We believe that this is significant in context of very recent work. Many contemporary works seek to impose constraints, such as commutativity, to "extend" LieRE. We show by Proposition 2 that if we need to create a rotary embedding which is commutative, then whatever we do will theoretically boil down to Mixed RoPE. We also show through experiments that reversibility [3] (Axial RoPE) produces worse performance. To illustrate the impact, we point the reviewers to three recent papers doing exactly this that have been accepted or submitted in the last three months:
[1] Connor Schenck, Isaac Reid, Mithun George Jacob, Alex Bewley, Joshua Ainslie, David Rendleman, Deepali Jain, Mohit Sharma, Avinava Dubey, Ayzaan Wahid, et al. Learning the ropes: Better 2d and 3d position encodings with string. (ICML July 2025 Spotlight Poster)

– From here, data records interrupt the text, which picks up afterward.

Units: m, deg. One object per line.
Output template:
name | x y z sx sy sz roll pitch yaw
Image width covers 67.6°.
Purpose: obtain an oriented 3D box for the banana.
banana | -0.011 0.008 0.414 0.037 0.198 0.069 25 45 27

[2] Yu, H., Jiang, T., Jia, S., Yan, S., Liu, S., Qian, H., ... & Yuan, C. (2025). ComRoPE: Scalable and Robust Rotary Position Embedding Parameterized by Trainable Commuting Angle Matrices. In Proceedings of the Computer Vision and Pattern Recognition Conference (pp. 4508-4517).

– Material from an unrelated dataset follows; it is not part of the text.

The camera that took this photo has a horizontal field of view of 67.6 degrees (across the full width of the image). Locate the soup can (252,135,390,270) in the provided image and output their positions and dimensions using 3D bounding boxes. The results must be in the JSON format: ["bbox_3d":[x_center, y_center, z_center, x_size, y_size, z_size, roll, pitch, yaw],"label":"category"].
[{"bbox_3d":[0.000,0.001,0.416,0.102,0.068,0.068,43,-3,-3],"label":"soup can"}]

[3] Liu, H., & Zhou, H. (2025). Rethinking RoPE: A Mathematical Blueprint for N-dimensional Positional Encoding. (Preprint)
Additional Experiments
We will add results when they are available.

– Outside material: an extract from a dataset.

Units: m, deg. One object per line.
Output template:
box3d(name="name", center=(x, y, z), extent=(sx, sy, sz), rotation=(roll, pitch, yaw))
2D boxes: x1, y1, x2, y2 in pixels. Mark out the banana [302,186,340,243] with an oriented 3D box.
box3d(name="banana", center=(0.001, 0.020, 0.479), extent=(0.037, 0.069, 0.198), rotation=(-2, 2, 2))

We improved the frequency initialization for learnable RoPEs and have run these additional evaluations:
| Accuracy with STDev | Spherical (Learned) | Axial (Learned) | Mixed | Uniform | APE | LieRE |
|---|---|---|---|---|---|---|
| CIFAR100 (5 Runs) | 73.2 +- .4 (74.1 +- .4) | 72.1+-0.6 (72.9 +- .6) | 74.7+-.3 | 70.5+-.2 | 64.2 +- 0.9 | 74.2 |
| ImageNet (In Progress) |
| Segmentation (IoU) | Spherical | Axial (Learned) | Mixed | Uniform | APE |
|---|---|---|---|---|---|
| VOC (No Augmentation) | .45 | .42 | .41 | ||
| VOC (Simple Augmentation) | .50 | .46 (.47) | .50 | .45 |
| Portion of CIFAR100 | Spherical (Learned) | Axial (Learned) | Mixed | Uniform | APE |
|---|---|---|---|---|---|
| .2 | 56.04 (57.2) | 55.3 (56.6) | 56.9 | 52.82 | 45.9 |
| .4 | 63.6 (65.34) | 63.3 (62.5) | 64.4 | 59.7 | 53.4 |
| .6 | 67.6 (69.8) | 66.0 (66.78) | 70.0 | 64.1 | 57.7 |
| .8 | 69.8 | 69.9 | 71.6 | 59.0 |
Below we show the time it took for each method to run 100 forward passes to compare relative speed. The experiment was performed by running a dummy input of dimension (B=256, C=3, H=224, W=224) 100 times with a ViT backbone on one A100 gpu. This is simulated training time, so the rotation matrices were recalculated with every pass.
| Time comparison | Spherical (Learned) | Axial (Learned) | Mixed | LieRE | APE | Uniform |
|---|---|---|---|---|---|---|
| Without torch.autocast | 16.6s (16.6s) | 16.5s (16.7s) | 15.7s | 27.4s | 13.1s | 16.5s |
| With torch.autocast | 6.7s (5.8s) | 6.5s (5.7s) | 5.2s | 13.6s | 3.9s | 6.6s |
The main concern initially raised by a subset of reviewers was on the main finding of the paper; after an engaging discussion round, it seems there is now understanding that the main point of the paper was not to promote the advantages of Spherical RoPE or Uniform RoPE, but to perform ablation studies relative to these two methods to better understand why RoPE works. All reviewers find value in the findings reported in the paper. Although one reviewer believes additional and more comprehensive study is needed to make the argument that equivariance is not the primary reason for RoPE's success, the study itself and its results are still considered meaningful and of value. The final version of the paper will, I believe, be considerably revised to reflect the many constructive suggestions of the reviewers, adding more nuance to the claims and better explaining the main findings about the relationship between equivariance and RoPE's success.